Le pape François a été clair sur ce point, comme ses prédécesseurs l’avaient été. À ce propos, je rappelle que saint Jean-Paul II, au n° 4 de son exhortation apostolique Ordinatio sacerdotalis publiée en 1994, a renforcé par l’emploi du pluriel de majesté (declaramus), dans l’unique document où ce pape ait employé cette forme verbale, l’affirmation selon laquelle le fait que l’Église n’a pas l’autorité pour admettre les femmes au sacerdoce est une doctrine définitive enseignée de manière infaillible par le magistère ordinaire universel (canon 750 § 2 CDC).

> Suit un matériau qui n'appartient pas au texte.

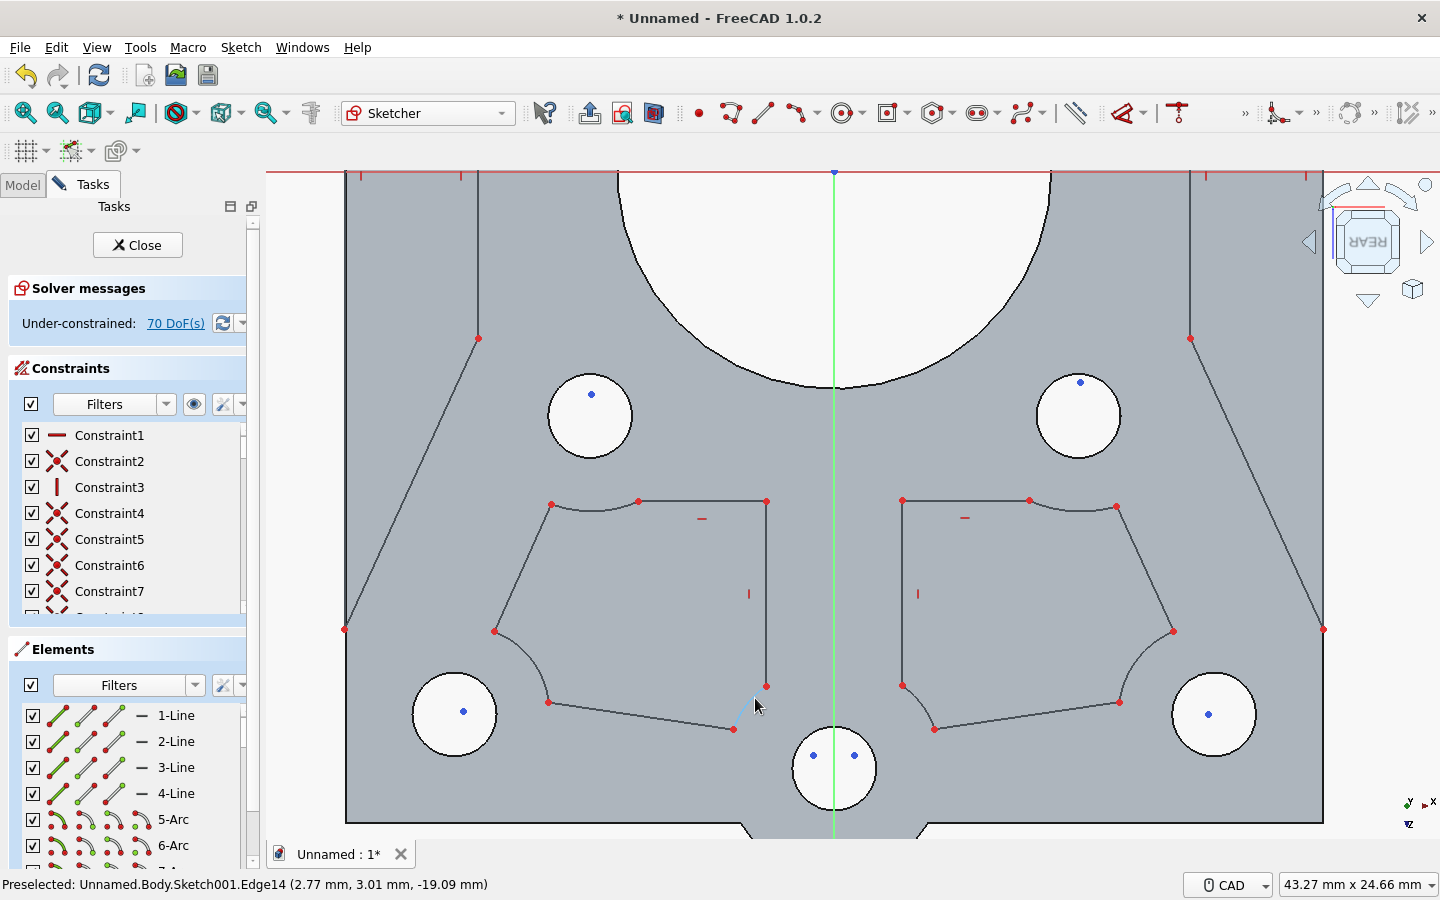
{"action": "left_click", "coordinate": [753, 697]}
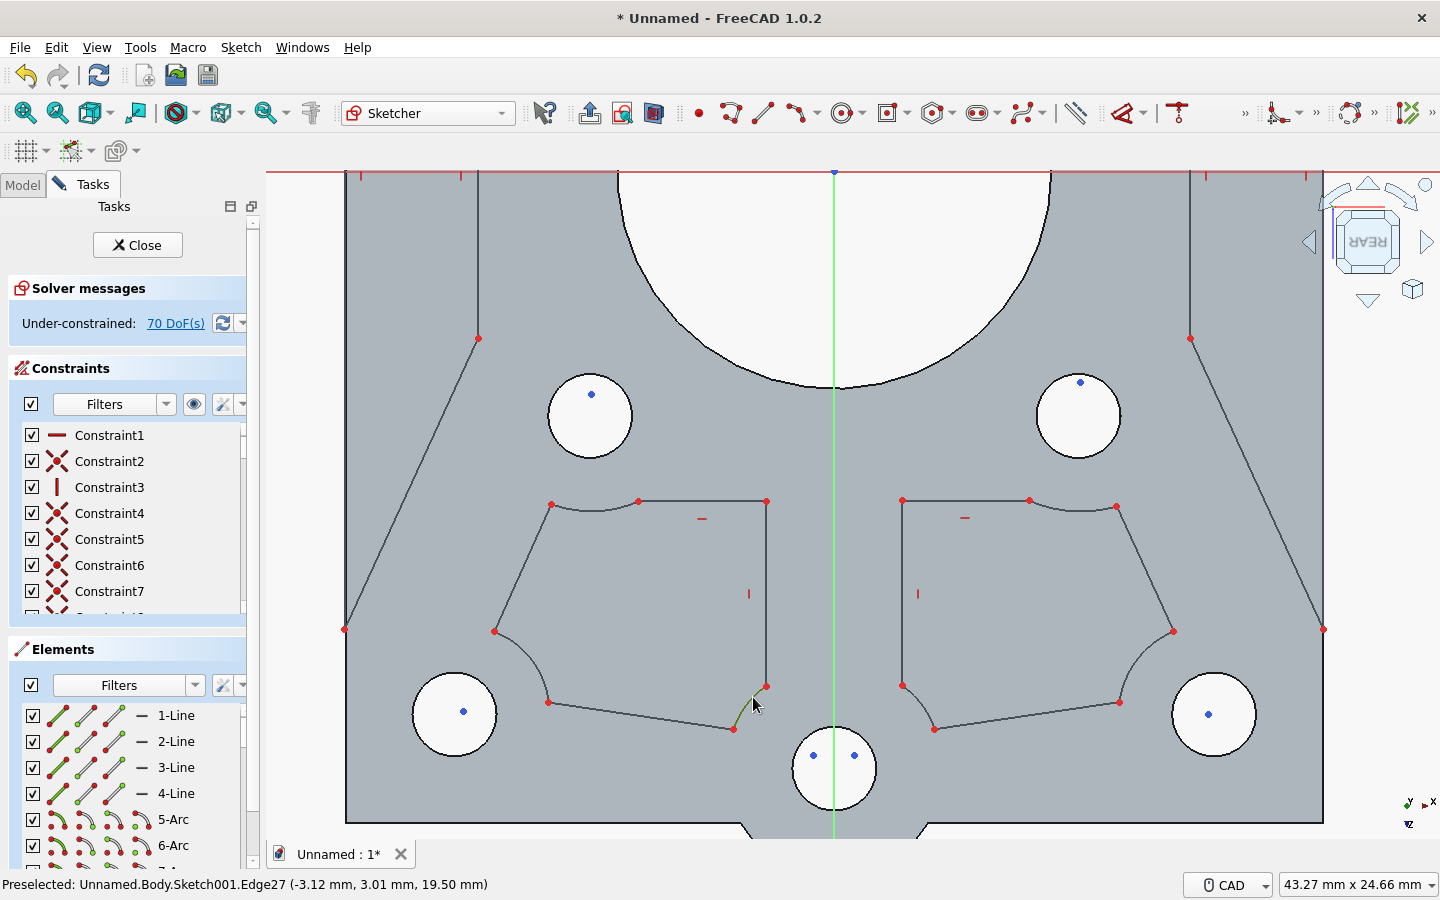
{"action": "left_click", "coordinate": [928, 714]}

C’est au Magistère qu’il incombe de décider si une question est dogmatique ou disciplinaire; dans le cas qui nous occupe ici, l’Église a déjà décidé que cette proposition était dogmatique et que, étant de droit divin, elle ne pouvait être ni modifiée ni même réexaminée. On pourrait la justifier par de nombreuses raisons, telles que la fidélité à l’exemple du Seigneur ou bien le caractère normatif de la pratique multiséculaire de l’Église; cependant je ne pense pas que cette question doive être de nouveau discutée à fond, étant donné que les documents qui en traitent exposent de manière suffisante les motifs qui permettent de rejeter cette possibilité.
Je ne veux pas manquer de souligner qu’il y a une égalité essentielle entre l’homme et la femme au plan de la nature, ainsi qu’en ce qui concerne leur relation avec Dieu par l’intermédiaire de la grâce (cf. Ga 3, 28). Cependant le sacerdoce implique une symbolisation sacramentelle de la relation entre Jésus-Christ, tête ou époux, avec l’Église, corps ou épouse. Les femmes peuvent exercer, sans aucun problème, de multiples fonctions au sein de l’Église: à ce propos, je saisis volontiers l’occasion de remercier ici, publiquement, le groupe nombreux de femmes, laïques ou religieuses, dont certaines sont qualifiées par des titres universitaires, qui apportent leur indispensable collaboration à la congrégation pour la doctrine de la foi.
D'autre part il ne serait pas sérieux de formuler des propositions dans ce domaine sur la base de simples calculs humains, en affirmant, par exemple, que «si nous ouvrons aux femmes l’accès au sacerdoce, nous surmonterons le problème des vocations» ou que «si nous acceptons le sacerdoce féminin, nous donnerons au monde une image plus moderne de l’Église».
Je crois qu’une telle manière d’engager le débat est très superficielle, idéologique et surtout anti-ecclésiale, parce qu’elle passe sous silence le fait qu’il s’agit d’une question dogmatique, qui a déjà été réglée par ceux dont la mission est de le faire, et non pas d’une question simplement disciplinaire.